A ketogenic is similar to any strict no-carb or lowcarb diets. A keto diet is designed specifically to result in ketosis (catabolism of fat)It’s possible to measure and adapt to reach optimal ketone levels, weight loss, or for physical and mental performance.
Read on to know all that you need to know about a ketogenic diet:
When on a Keto diet, your body switches its fuel source and runs almost entirely on fat. Insulin levels drop down and increases the fat burning process. This makes it easier to access your fat stores to burn them off.
Getting on a keto diet:
You may think that you’ve got all that it takes to switch to keto without having to track your macronutrients. Wait right there. Getting your macros absolutely correct is what you need while starting on a keto diet. While Keto is a carb-restricted, high-fat and moderate-protein approach macro distribution which more or less looks like this:
When getting started, it is ideal to keep carbohydrates less than 50 grams per day. In terms of protein, it is often suggested that athletes set protein between 0.6- 1 gm. of pound of lean mass and not per pound of body weight.

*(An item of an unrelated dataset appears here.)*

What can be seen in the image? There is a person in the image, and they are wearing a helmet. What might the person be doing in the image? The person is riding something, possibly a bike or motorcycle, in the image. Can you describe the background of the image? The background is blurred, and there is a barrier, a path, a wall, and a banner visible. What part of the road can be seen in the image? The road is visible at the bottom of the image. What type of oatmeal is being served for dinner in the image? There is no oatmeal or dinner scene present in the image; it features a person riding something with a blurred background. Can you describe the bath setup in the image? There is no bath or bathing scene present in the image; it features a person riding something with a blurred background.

For example: to calculate the requirement of a person who weighs 81 kg with a 15% body fat:
81 kg x 0.15=12.15 kg of fat
81 kg -12.15= 69 kg of lean mass
69 kg x 0.6 = 41 gm
69 kg x1.0 g= 63 gm
Therefore protein intake per day is between= 41-63 gm per day. If you don’t know your percent of body fat, you can get it analyzed through a fat analyzer machine or on a body composition analysis.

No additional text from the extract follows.